One of the interesting findings in this study is that the two subunits of α-crystallin have distinct distribution patterns with respect to their phosphorylation states. Phosphorylated αA-crystallin showed a distribution pattern similar to its nonphosphorylated forms except in the equator region, whereas αB-crystallin showed more phosphorylation in the middle cortex region than other regions. The mechanism underlying the difference of distribution patterns of the two subunits together with their phosphorylation needs further investigation. 

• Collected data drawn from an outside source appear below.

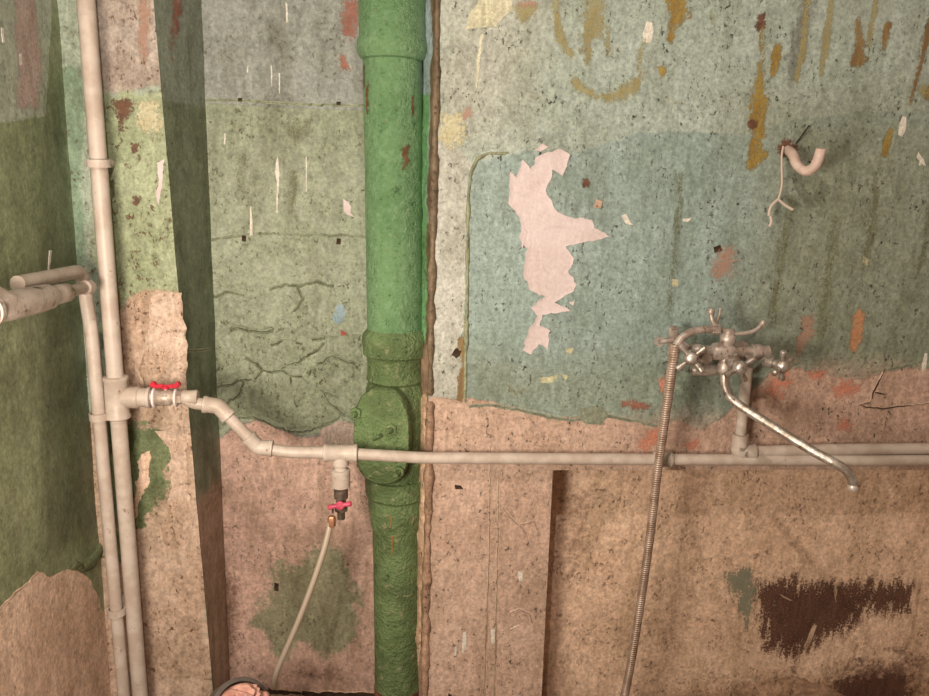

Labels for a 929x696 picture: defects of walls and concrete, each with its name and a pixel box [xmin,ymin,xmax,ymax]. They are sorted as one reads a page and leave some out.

peeling [508,144,610,354]
crack [213,290,244,298]
crack [269,279,334,333]
peeling [540,374,569,383]
peeling [469,403,657,427]
peeling [134,451,151,518]
peeling [155,428,194,568]
peeling [0,543,111,696]
leakage [754,574,916,679]
flaking render [736,678,844,696]
leakage [818,650,917,696]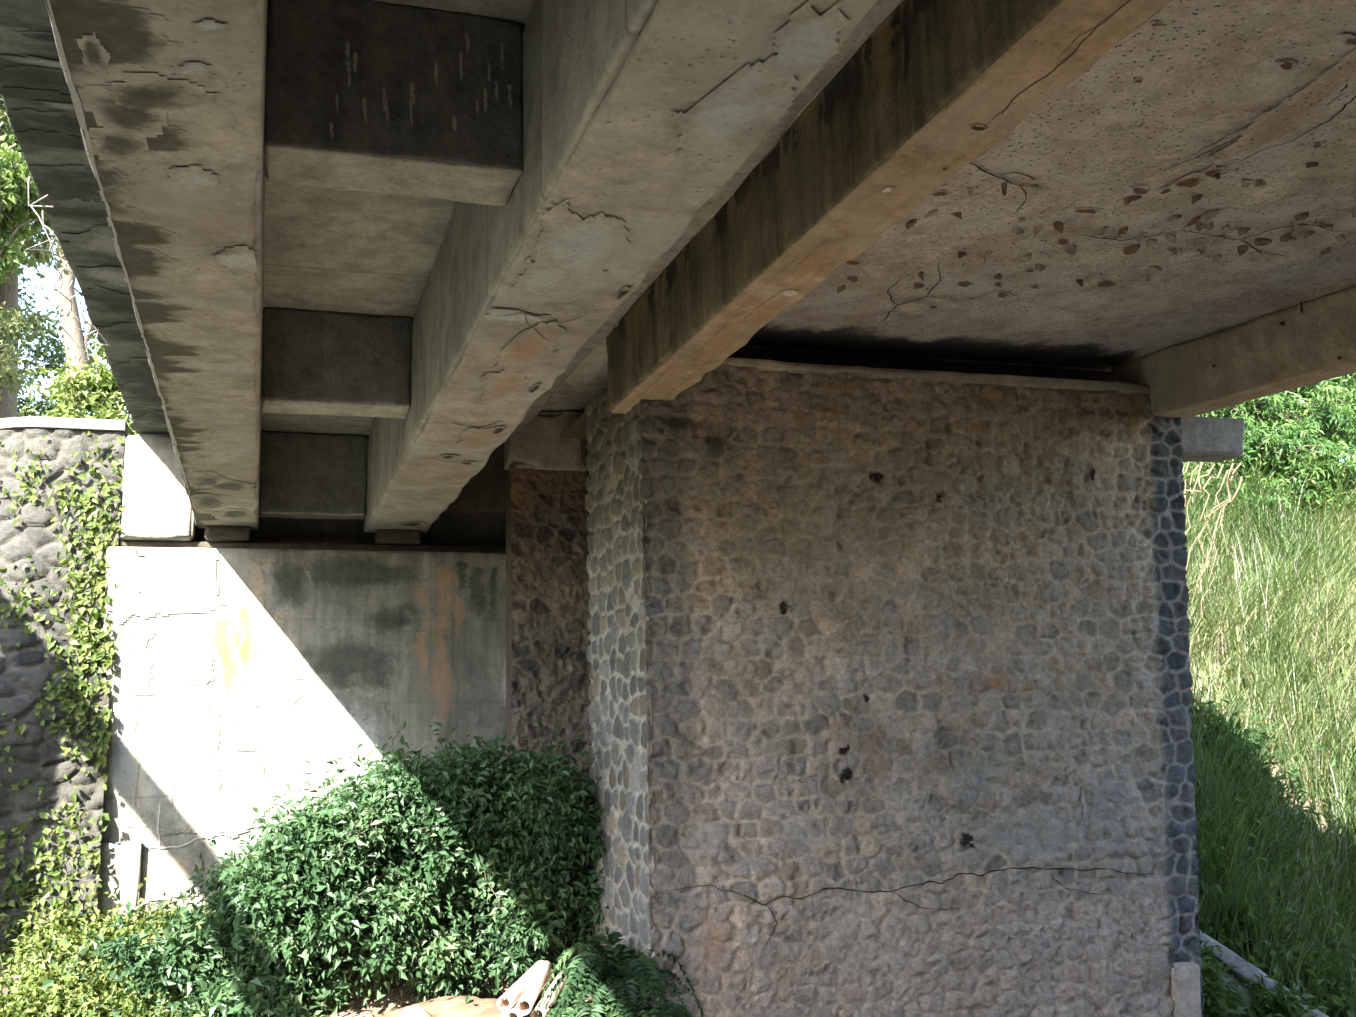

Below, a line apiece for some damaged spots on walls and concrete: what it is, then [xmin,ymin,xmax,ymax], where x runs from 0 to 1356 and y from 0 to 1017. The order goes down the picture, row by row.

crack [1148,84,1356,176]
leakage [0,0,258,521]
peeling [905,210,962,230]
crack [881,264,1019,322]
peeling [1012,207,1076,255]
peeling [1099,166,1346,282]
corrosion [207,585,258,717]
leakage [107,548,437,828]
corrosion [406,558,467,763]
leakage [453,560,512,741]
crack [676,867,1172,947]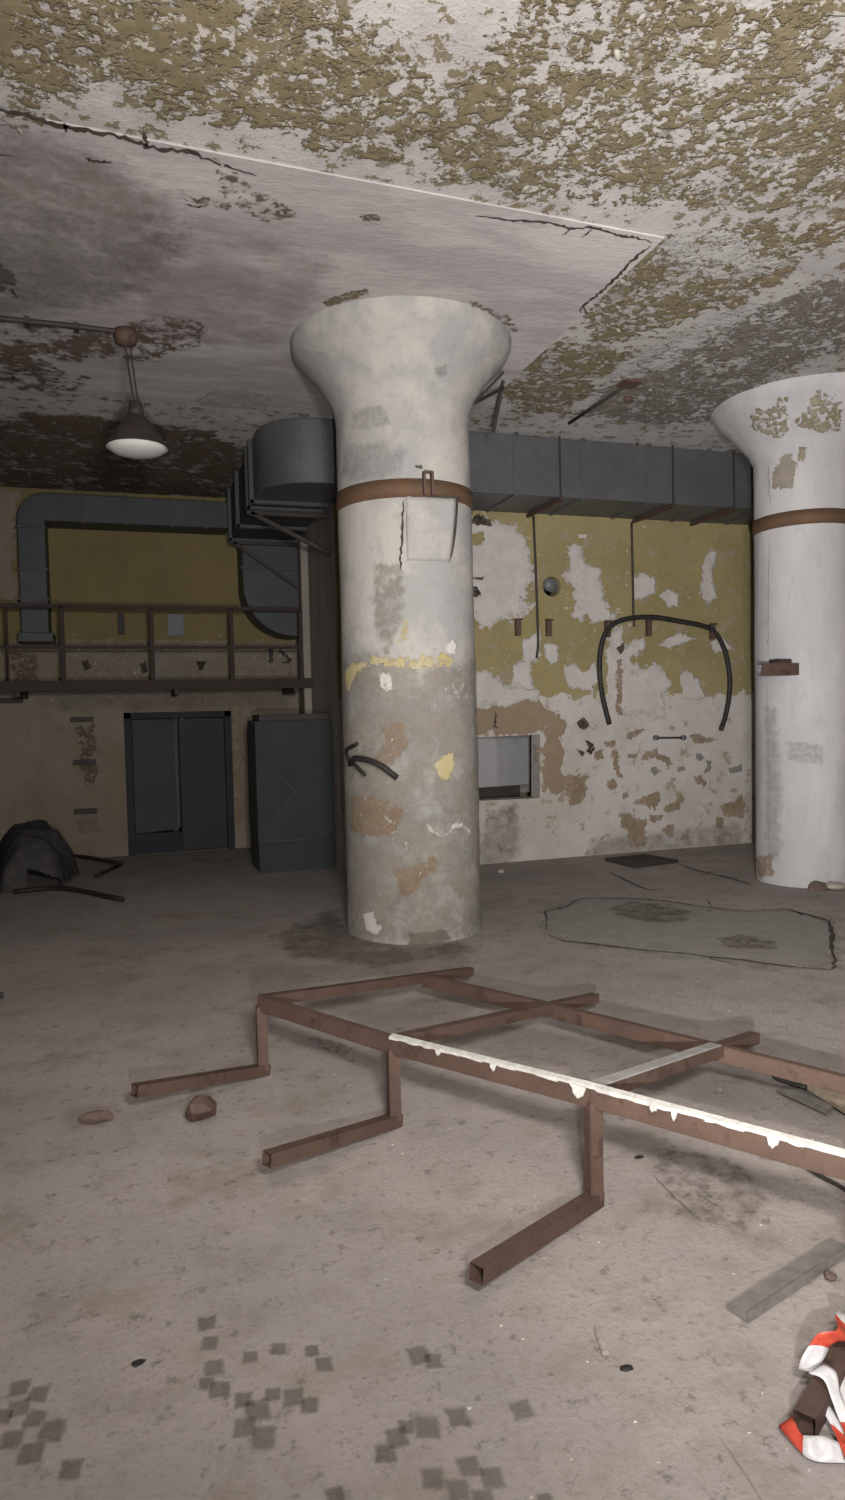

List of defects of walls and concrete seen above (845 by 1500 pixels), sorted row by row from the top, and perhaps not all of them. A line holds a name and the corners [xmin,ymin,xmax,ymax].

crack [0,108,256,176]
peeling [0,0,845,490]
crack [478,216,652,314]
water stain [0,324,119,393]
water stain [0,412,244,498]
peeling [234,644,291,679]
peeling [345,495,742,847]
flaking render [229,705,245,823]
crack [544,696,837,970]
peeling [363,911,382,936]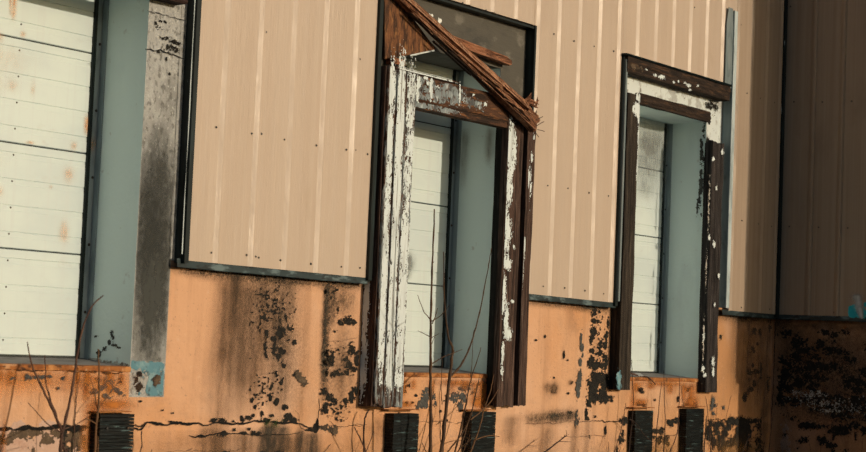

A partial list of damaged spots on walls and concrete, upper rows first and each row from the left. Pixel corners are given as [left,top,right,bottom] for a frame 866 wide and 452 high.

water stain [136,154,170,357]
water stain [181,268,315,314]
water stain [321,281,360,389]
peeling [210,48,487,437]
peeling [500,115,526,381]
peeling [695,100,723,286]
peeling [0,420,87,452]
rust [77,372,127,428]
crack [134,403,367,452]

In situ approaches to MALDI imaging of lens proteins offers several advantages over the traditional MALDI-MS approaches: No protein extraction and separation steps, minimal sample preparation, and visible spatial distribution of lens proteins and their modifications over the tissue section are observed directly from the surface of tissue sections. Compared to traditional immunohistochemistry, no antibodies against the specific protein are needed and many protein products can be imaged in one experiment. Because MALDI imaging of proteins is based on their respective masses, the different truncated forms of a single protein could be imaged simultaneously. Although the sample preparation protocol used in the present study enhances the MALDI signals for α-crystallins, preliminary experiments indicate that altering solvent conditions allows other lens crystallins to be observed and imaged. The nature of this selectivity will be the subject of future investigation. As demonstrated in the present study, the MALDI tissue imaging approach provides a powerful means for better understanding of the processing of lens proteins during differentiation and aging. 

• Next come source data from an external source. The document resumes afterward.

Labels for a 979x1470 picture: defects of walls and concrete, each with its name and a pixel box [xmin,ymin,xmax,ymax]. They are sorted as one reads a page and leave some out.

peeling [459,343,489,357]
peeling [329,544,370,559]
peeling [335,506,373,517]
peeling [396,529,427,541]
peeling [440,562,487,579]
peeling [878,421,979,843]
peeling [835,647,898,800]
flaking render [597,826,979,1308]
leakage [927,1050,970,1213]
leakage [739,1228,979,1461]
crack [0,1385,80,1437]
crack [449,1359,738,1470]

MALDI imaging provides for the first time a new tool to discern the spatial distribution of the two α-crystallin subunits and their multiple modifications in a single experiment, indicating MALDI tissue imaging can be applied to study lens development and aging / cataractogenesis. Refined sample preparation procedures are needed to image additional proteins in lens, such as membrane proteins. It is expected that the application of MALDI tissue imaging could be extended to the analysis of human lenses. 

 

The authors thank the Medical University of South Carolina Biological Mass Spectrometry Facility for use of their equipment.